START EXERCISE MATERIALS
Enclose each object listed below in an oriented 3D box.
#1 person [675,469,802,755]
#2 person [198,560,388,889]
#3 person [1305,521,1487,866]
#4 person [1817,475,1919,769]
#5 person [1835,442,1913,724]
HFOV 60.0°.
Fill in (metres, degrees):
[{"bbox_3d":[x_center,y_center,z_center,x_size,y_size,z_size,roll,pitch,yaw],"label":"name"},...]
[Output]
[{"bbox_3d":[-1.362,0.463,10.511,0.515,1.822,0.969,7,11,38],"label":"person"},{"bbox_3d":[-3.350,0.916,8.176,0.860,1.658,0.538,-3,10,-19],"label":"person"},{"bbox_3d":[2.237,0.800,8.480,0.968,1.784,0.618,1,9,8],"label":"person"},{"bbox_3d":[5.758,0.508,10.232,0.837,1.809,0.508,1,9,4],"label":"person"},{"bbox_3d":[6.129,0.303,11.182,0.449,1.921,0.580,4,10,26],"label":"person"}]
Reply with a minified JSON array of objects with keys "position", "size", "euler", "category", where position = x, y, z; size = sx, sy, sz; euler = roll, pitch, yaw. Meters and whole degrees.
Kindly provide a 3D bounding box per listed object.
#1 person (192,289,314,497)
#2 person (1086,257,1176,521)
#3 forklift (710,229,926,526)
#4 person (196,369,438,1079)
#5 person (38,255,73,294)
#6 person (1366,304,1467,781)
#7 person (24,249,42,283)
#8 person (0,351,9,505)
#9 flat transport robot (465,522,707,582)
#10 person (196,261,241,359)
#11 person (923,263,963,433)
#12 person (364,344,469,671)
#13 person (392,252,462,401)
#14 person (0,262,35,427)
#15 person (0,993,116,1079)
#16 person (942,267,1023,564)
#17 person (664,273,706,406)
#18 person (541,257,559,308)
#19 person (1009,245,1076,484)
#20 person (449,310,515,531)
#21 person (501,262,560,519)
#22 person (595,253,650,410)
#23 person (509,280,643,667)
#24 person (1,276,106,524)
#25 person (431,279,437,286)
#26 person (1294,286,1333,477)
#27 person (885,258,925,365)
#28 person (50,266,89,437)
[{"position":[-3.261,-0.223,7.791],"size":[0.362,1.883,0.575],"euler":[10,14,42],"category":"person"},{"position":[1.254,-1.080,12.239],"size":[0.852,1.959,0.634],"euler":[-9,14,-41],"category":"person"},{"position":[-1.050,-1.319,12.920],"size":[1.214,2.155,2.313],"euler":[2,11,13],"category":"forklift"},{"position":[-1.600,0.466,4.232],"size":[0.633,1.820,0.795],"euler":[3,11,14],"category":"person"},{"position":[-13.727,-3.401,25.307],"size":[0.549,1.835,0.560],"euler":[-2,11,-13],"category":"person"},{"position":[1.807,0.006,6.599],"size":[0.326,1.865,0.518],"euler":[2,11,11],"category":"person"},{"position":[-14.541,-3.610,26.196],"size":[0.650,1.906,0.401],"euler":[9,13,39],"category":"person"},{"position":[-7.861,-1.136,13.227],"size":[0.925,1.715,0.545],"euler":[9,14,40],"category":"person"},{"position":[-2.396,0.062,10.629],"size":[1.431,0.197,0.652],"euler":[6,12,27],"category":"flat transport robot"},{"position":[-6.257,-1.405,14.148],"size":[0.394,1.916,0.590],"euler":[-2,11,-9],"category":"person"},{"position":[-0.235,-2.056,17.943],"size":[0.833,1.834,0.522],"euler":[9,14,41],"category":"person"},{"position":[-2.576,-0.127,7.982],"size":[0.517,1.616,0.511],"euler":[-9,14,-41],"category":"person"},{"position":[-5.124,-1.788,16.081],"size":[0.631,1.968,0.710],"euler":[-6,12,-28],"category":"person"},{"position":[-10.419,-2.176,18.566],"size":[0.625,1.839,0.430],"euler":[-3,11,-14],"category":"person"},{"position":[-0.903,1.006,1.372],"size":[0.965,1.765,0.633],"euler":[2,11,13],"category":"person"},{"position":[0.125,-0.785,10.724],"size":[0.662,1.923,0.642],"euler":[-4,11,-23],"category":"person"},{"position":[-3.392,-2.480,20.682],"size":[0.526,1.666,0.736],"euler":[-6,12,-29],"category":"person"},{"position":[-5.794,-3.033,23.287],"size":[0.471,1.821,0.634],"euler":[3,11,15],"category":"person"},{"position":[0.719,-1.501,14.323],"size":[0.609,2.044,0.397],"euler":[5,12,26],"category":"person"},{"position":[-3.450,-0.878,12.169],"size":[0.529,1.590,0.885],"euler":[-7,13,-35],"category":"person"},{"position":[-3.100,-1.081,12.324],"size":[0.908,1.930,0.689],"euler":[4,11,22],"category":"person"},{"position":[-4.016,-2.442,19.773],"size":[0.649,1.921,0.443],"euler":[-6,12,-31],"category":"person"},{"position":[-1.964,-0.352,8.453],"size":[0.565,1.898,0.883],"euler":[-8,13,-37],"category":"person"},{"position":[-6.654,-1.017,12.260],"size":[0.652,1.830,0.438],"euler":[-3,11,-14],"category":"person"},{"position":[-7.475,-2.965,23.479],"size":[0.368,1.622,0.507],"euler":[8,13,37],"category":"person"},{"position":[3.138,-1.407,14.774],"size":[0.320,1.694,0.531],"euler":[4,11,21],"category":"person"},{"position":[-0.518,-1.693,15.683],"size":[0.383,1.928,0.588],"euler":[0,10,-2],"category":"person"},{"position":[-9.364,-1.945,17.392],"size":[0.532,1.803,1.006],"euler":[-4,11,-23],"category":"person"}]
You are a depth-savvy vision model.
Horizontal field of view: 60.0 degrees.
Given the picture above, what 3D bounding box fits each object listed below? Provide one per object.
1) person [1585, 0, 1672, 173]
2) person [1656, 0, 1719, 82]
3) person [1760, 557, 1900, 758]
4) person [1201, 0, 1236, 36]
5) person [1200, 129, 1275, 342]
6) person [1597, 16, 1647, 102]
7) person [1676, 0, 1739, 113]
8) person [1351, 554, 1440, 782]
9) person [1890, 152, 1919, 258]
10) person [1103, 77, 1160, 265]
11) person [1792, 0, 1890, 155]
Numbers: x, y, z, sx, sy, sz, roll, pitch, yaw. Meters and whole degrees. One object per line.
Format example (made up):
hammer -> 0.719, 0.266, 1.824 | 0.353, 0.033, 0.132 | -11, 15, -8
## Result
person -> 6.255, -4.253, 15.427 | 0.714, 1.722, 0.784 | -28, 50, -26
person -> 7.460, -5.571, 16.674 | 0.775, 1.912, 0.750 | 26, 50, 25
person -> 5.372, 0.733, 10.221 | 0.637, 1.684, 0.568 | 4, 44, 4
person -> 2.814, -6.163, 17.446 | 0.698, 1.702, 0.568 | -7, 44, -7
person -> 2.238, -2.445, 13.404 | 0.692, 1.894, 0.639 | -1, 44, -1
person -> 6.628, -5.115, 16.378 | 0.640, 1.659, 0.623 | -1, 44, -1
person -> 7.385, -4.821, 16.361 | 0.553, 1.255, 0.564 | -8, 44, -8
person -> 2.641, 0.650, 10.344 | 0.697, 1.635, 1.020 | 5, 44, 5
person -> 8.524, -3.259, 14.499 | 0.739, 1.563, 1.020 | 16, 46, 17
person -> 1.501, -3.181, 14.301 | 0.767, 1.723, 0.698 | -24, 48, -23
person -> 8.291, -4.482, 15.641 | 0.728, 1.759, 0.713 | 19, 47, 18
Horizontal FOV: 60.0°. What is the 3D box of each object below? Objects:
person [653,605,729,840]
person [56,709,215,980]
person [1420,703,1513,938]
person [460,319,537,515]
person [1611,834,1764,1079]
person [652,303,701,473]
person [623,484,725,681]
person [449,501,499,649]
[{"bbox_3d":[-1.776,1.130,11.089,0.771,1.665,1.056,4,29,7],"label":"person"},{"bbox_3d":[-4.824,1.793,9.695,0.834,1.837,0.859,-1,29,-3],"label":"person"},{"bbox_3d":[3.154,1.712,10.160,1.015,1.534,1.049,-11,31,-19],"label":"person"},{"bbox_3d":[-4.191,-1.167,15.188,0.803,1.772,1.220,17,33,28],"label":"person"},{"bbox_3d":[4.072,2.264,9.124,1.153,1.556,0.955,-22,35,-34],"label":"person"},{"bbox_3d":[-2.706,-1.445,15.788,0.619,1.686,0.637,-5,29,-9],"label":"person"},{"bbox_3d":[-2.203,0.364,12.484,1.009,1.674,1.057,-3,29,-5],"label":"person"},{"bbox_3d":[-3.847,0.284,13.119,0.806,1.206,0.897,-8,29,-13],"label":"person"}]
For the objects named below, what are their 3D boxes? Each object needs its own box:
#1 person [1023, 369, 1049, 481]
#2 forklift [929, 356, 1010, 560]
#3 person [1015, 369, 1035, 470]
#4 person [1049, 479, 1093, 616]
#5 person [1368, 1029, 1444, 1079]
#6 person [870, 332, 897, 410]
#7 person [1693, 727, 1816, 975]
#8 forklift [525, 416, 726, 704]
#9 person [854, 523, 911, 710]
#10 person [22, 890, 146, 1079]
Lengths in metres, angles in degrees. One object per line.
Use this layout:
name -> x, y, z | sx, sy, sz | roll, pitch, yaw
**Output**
END EXERCISE MATERIALS
**TASK OBJECTIVE**
Whenever the word "roll" occurs in a line of the listing above, return that line.

**TASK SOLUTION**
[{"bbox_3d":[x_center,y_center,z_center,x_size,y_size,z_size,roll,pitch,yaw],"label":"name"},...]
Reply with a minified JSON array of objects with keys "position", "size", "euler", "category", where position = x, y, z; size = sx, sy, sz; euler = roll, pitch, yaw. Meters and whole degrees.
Numbers: x, y, z, sx, sy, sz, roll, pitch, yaw. Meters and whole degrees. One object per line.
name -> x, y, z | sx, sy, sz | roll, pitch, yaw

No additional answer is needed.